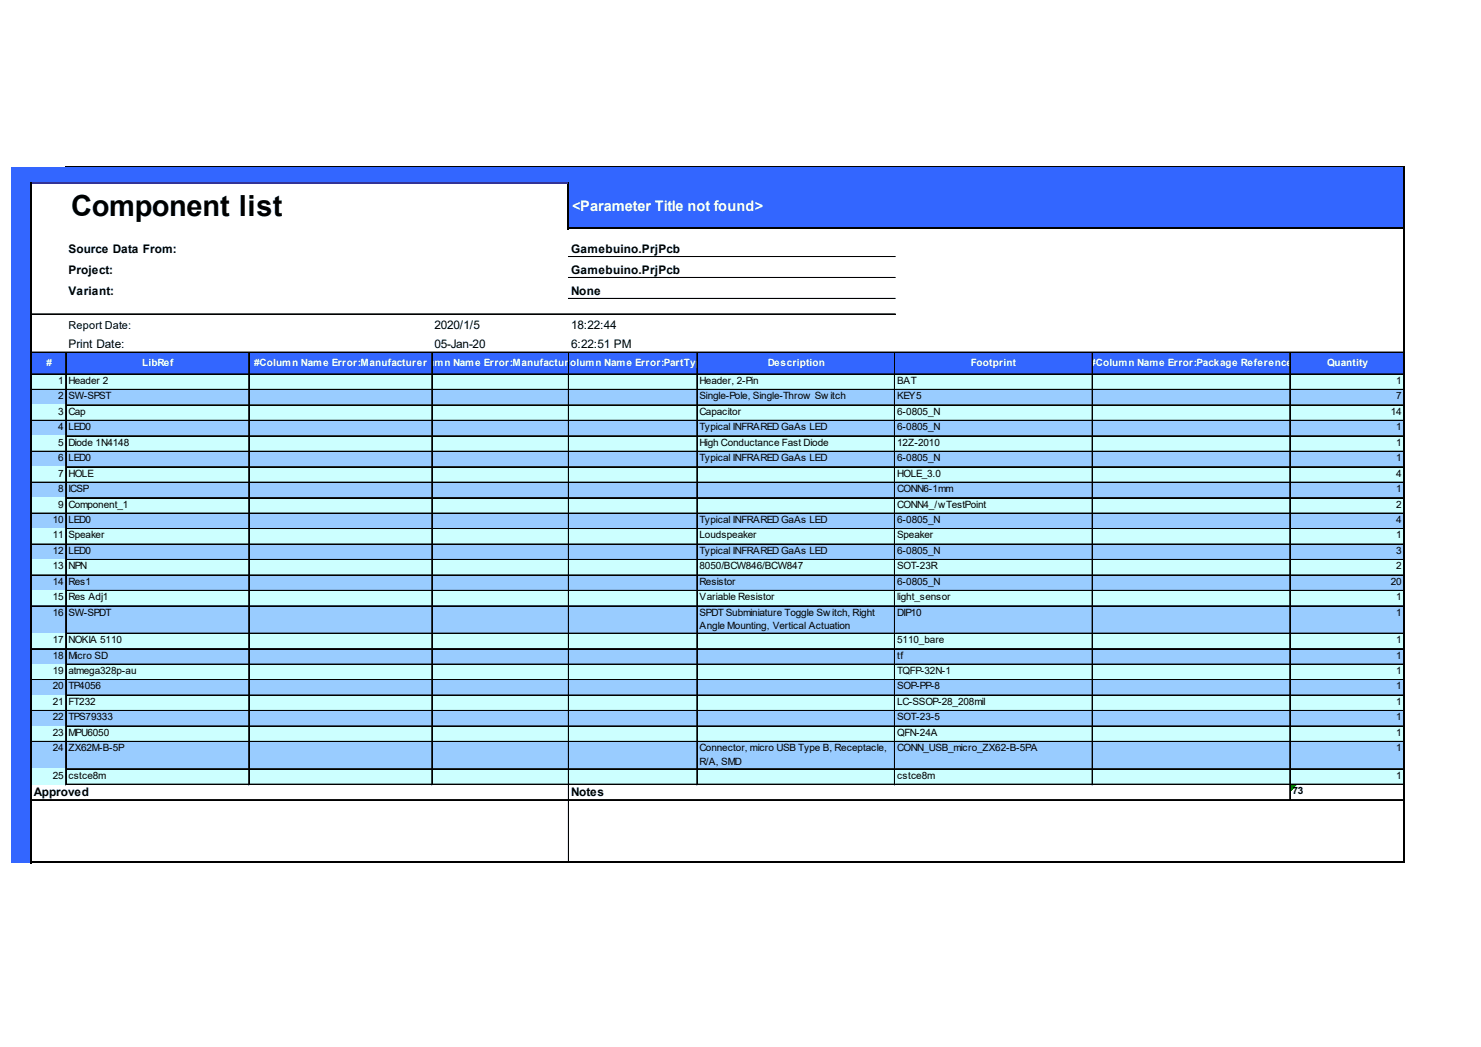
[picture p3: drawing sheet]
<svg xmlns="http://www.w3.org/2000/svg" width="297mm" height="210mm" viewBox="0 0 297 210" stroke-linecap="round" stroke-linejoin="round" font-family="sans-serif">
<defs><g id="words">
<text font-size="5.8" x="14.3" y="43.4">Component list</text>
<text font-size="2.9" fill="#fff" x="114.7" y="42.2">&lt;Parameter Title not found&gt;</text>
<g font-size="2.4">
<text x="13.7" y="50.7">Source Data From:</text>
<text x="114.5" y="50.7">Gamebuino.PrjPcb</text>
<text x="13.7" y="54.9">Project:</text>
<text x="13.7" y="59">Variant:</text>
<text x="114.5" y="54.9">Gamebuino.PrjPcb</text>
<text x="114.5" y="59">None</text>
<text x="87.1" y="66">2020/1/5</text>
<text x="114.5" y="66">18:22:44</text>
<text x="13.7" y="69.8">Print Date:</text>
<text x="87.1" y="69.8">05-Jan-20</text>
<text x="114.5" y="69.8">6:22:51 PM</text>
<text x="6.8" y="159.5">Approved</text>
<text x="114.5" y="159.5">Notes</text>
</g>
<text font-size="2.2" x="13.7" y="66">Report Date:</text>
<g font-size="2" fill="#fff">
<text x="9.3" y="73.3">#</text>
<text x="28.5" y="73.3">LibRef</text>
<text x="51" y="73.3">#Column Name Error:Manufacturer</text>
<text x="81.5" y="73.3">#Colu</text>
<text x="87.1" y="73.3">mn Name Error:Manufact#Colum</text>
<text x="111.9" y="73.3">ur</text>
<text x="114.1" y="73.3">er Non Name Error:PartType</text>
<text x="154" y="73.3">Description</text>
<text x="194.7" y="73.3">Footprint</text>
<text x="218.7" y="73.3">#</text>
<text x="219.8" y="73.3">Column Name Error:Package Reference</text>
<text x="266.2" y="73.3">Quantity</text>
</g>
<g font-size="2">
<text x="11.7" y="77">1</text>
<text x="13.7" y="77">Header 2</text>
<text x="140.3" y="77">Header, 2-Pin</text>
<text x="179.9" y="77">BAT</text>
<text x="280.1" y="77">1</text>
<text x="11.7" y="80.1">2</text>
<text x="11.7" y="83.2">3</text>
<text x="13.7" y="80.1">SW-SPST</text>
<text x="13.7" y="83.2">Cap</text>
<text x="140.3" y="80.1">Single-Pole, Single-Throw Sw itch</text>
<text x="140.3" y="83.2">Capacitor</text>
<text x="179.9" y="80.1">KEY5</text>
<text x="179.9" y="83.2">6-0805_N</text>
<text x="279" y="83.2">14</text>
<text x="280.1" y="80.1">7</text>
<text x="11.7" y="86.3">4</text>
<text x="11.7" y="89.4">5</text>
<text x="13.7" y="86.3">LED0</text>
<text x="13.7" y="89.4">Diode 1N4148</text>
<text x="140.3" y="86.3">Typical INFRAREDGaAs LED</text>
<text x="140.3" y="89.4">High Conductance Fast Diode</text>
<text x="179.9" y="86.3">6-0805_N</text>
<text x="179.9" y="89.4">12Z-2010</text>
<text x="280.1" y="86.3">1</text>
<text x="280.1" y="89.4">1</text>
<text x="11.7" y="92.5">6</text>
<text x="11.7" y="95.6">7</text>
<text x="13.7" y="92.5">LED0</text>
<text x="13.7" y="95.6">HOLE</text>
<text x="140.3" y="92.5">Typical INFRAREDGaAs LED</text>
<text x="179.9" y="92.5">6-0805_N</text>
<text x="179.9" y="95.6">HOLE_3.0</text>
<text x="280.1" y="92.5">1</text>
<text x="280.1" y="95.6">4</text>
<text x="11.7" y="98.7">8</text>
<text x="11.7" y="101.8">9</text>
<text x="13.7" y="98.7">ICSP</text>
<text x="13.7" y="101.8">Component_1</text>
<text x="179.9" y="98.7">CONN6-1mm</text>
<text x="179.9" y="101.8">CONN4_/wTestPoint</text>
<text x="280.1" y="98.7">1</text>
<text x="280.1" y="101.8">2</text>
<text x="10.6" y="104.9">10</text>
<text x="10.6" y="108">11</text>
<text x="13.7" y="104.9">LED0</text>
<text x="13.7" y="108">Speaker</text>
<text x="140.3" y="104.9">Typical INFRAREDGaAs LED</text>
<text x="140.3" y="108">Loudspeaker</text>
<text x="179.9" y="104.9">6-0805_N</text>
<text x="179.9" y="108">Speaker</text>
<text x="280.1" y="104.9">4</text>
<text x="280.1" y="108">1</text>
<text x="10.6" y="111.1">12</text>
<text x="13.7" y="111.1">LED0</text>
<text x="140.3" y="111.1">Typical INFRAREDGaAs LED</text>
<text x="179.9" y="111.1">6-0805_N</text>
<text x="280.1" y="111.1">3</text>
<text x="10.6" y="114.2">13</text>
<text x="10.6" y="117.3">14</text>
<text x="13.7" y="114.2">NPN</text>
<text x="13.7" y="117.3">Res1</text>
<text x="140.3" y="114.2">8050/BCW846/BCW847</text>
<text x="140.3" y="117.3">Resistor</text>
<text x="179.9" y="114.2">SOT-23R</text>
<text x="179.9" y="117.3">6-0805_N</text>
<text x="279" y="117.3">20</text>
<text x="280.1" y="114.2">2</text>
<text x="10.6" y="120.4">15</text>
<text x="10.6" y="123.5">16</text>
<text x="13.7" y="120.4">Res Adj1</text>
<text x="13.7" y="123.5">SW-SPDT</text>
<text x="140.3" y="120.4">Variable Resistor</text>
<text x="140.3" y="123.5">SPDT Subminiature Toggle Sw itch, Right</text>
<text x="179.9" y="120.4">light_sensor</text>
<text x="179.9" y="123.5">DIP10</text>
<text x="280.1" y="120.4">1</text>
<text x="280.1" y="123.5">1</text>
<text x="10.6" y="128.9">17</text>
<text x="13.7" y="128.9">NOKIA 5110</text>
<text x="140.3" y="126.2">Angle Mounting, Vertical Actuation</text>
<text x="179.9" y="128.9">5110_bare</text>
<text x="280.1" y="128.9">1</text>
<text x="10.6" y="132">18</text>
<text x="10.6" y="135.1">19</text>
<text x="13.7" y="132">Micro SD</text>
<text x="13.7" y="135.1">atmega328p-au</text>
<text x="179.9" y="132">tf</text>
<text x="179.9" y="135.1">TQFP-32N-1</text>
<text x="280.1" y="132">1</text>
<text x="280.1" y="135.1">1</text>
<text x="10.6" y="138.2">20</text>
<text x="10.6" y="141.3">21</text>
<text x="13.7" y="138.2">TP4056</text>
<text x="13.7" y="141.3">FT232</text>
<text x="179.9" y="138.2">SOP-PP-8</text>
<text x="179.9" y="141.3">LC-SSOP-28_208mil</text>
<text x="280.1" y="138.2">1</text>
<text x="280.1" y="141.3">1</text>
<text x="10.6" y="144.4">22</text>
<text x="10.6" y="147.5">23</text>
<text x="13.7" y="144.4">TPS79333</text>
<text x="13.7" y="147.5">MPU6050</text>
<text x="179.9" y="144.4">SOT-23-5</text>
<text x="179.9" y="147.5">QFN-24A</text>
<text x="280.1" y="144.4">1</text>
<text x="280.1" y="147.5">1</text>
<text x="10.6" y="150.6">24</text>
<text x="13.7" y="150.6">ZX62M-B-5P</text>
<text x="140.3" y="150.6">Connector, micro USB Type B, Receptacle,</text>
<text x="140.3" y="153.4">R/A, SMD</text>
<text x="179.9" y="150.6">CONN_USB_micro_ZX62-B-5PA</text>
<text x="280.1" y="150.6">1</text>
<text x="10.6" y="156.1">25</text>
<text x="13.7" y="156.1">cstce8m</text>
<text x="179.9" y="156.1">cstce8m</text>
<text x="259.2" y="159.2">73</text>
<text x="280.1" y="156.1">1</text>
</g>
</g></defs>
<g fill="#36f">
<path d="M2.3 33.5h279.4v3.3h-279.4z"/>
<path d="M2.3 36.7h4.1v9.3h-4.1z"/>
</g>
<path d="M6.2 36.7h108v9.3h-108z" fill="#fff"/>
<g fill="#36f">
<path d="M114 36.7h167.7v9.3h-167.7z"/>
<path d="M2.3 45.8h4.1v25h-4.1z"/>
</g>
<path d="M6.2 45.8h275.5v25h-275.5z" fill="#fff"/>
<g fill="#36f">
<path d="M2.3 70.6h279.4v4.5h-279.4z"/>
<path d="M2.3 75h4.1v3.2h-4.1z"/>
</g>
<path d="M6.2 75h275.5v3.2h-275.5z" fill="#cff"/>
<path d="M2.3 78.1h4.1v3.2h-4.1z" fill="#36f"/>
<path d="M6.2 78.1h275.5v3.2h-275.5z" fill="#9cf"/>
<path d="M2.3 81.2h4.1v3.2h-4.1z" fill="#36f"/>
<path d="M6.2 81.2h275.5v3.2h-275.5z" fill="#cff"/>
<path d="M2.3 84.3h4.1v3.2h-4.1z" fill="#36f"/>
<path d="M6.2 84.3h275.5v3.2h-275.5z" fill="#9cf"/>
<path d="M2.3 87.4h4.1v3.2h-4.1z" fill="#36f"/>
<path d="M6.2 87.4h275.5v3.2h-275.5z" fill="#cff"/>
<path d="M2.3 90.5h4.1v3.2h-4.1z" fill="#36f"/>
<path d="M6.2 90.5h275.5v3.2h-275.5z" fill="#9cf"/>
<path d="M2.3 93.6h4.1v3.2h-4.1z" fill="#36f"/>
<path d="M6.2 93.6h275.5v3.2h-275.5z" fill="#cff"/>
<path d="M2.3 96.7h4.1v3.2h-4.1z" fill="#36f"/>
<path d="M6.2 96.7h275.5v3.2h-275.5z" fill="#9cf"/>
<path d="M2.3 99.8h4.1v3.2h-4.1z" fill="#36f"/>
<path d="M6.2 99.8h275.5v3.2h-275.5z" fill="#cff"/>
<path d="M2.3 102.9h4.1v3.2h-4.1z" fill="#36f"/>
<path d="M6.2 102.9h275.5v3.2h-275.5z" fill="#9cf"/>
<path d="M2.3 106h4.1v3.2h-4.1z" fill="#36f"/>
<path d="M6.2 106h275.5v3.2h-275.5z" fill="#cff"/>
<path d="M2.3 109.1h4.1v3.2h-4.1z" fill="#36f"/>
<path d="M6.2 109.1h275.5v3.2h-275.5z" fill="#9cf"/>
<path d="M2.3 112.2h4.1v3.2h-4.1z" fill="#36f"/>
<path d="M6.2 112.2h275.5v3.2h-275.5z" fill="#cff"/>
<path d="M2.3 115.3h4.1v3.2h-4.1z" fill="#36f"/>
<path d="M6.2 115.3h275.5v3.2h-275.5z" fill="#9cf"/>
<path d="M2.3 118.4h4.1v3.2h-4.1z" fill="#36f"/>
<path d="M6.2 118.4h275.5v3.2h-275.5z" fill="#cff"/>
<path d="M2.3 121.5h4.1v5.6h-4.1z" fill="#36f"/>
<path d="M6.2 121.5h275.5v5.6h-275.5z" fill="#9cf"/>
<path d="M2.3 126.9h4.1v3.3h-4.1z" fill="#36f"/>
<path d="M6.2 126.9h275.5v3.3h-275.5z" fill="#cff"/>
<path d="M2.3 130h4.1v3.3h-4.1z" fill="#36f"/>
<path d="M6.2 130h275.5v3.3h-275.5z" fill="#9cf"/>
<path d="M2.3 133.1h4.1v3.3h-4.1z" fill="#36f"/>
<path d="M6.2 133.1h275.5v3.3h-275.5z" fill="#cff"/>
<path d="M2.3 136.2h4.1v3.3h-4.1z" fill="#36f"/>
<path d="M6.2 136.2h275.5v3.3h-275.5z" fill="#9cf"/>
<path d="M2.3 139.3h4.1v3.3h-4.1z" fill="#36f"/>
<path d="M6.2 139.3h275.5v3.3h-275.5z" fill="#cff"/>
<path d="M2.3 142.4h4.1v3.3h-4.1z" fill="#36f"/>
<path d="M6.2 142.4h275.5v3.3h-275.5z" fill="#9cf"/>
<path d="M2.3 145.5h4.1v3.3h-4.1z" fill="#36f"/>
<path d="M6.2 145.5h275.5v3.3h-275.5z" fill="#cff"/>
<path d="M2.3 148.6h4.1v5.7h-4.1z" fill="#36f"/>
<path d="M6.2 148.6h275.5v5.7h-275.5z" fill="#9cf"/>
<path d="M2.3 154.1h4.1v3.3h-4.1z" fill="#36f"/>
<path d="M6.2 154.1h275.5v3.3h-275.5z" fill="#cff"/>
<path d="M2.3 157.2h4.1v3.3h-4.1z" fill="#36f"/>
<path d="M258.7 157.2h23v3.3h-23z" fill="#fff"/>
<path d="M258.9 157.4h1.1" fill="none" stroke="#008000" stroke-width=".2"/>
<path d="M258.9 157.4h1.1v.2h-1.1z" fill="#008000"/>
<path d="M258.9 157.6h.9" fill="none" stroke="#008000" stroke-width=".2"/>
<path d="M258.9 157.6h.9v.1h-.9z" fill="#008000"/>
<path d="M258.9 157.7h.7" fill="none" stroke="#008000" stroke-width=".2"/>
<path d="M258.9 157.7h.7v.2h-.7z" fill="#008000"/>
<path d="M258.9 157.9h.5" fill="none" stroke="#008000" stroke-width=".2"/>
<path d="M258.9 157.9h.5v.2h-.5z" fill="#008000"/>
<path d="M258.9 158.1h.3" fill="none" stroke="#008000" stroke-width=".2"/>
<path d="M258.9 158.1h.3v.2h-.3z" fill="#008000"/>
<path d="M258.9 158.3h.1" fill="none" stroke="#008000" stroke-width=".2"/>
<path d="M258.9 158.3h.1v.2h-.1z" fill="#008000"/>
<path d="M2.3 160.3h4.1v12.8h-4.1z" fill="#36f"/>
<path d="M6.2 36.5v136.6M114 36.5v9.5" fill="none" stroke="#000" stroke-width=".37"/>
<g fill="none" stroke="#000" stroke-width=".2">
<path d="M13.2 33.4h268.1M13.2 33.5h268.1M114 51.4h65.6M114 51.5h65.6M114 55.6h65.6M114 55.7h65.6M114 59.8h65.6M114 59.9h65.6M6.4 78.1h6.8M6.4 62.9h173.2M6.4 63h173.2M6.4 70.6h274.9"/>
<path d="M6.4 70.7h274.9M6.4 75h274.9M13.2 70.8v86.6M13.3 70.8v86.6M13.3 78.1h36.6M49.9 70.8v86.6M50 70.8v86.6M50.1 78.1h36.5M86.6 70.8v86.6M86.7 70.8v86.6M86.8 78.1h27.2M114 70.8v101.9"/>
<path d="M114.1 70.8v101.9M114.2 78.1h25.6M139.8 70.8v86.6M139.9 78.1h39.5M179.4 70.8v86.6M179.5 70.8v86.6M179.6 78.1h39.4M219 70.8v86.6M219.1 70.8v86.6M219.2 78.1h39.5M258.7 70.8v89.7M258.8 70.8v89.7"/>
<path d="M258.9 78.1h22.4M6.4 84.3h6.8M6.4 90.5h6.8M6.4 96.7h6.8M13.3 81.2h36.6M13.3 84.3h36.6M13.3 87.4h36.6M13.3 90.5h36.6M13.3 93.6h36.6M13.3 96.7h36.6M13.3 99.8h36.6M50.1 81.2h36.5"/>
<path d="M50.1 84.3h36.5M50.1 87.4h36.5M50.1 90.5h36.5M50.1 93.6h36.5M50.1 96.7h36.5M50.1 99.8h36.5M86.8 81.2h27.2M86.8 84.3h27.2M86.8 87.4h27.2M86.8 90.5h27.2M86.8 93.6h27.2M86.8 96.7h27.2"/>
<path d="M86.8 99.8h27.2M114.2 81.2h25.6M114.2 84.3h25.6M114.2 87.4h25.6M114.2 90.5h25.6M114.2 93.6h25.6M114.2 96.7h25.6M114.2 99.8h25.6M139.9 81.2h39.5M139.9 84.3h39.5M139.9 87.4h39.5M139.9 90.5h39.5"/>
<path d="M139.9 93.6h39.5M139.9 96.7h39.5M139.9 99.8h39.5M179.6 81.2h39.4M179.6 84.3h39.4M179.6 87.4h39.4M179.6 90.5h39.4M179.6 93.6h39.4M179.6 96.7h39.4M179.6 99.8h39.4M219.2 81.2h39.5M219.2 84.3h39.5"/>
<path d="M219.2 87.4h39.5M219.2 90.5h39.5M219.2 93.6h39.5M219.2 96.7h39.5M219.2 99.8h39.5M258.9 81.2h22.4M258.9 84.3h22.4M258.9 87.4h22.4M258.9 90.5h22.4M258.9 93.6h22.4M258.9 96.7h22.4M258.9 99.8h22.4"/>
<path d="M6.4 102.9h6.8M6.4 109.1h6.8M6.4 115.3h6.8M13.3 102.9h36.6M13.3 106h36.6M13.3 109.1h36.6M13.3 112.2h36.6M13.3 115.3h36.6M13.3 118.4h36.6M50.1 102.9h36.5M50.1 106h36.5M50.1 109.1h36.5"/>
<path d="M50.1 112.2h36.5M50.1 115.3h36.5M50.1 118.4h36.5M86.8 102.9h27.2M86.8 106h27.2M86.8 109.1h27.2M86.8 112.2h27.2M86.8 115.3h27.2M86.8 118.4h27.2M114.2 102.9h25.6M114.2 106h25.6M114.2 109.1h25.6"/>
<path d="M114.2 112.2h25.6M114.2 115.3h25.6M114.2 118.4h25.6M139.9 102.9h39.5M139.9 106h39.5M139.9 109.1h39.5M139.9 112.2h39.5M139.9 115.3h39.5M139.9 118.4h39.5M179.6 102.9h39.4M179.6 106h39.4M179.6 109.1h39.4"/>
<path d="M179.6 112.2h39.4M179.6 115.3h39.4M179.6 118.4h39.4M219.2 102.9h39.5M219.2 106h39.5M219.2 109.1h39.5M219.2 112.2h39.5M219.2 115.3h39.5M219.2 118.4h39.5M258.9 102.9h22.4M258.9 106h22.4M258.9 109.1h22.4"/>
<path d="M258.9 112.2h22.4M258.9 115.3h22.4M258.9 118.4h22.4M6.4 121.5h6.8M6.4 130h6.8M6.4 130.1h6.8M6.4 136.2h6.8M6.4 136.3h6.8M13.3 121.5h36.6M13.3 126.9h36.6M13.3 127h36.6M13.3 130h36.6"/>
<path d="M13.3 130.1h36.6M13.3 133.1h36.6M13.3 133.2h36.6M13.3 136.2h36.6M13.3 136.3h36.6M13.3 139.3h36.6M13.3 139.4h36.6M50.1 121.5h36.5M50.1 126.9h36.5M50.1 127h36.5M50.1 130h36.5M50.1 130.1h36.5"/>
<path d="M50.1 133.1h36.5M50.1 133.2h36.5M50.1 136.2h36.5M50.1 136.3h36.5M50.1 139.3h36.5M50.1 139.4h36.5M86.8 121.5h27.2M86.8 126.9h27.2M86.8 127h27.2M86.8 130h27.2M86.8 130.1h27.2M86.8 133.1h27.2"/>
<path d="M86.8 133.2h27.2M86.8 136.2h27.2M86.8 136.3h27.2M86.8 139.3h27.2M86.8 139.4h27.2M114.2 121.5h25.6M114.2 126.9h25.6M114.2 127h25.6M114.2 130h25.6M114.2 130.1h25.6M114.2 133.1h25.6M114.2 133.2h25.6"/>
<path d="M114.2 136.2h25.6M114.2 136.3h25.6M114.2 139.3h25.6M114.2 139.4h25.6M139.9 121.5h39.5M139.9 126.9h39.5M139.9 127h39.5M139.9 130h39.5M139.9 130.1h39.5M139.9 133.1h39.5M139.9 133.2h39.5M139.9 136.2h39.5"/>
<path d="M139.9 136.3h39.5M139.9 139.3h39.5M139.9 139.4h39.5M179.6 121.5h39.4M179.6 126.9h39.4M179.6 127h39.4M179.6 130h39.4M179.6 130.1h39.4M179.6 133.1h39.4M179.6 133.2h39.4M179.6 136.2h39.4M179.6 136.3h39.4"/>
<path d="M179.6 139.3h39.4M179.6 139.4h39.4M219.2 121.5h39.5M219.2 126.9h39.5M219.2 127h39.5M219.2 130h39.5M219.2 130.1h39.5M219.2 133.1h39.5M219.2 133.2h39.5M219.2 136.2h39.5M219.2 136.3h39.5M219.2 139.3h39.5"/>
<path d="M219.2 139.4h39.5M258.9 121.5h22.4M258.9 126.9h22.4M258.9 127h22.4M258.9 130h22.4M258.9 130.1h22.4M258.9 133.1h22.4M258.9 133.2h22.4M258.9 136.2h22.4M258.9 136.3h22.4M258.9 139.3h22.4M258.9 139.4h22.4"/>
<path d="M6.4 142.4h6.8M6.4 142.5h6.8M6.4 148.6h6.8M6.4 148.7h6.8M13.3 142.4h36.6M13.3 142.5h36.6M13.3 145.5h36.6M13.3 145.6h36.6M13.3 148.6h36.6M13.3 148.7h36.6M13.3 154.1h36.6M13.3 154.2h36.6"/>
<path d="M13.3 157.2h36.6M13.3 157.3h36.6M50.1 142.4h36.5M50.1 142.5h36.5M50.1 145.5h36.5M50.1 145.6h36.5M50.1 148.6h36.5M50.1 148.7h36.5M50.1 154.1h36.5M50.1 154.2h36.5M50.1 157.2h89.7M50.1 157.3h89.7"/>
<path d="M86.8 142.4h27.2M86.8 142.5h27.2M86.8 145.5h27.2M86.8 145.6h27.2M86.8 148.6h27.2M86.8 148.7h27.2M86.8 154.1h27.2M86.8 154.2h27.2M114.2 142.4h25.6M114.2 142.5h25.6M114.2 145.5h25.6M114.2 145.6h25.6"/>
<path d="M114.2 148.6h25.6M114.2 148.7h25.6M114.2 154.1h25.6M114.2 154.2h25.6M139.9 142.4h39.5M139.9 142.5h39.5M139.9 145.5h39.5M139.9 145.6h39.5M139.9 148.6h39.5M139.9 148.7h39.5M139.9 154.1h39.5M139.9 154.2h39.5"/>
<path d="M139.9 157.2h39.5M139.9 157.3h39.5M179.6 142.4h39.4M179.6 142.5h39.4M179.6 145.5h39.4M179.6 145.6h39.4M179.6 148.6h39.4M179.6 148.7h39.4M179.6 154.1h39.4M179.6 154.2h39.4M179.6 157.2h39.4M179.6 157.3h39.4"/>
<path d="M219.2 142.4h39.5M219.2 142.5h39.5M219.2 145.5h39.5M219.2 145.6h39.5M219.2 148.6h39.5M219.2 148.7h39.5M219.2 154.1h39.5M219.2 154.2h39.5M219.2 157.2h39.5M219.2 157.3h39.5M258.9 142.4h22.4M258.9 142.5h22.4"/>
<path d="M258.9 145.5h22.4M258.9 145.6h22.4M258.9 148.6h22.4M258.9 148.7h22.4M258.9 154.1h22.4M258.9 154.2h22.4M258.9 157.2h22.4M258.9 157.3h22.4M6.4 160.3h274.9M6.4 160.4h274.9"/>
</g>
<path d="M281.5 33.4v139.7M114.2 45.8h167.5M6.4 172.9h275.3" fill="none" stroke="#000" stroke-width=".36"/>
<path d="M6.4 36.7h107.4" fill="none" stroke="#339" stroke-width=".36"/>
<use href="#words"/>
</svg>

_Exercise_
Using the data above, copy each line that contains "size".

_Output of the task_
<text font-size="5.8" x="14.3" y="43.4">Component list</text>
<text font-size="2.9" fill="#fff" x="114.7" y="42.2">&lt;Parameter Title not found&gt;</text>
<g font-size="2.4">
<text font-size="2.2" x="13.7" y="66">Report Date:</text>
<g font-size="2" fill="#fff">
<g font-size="2">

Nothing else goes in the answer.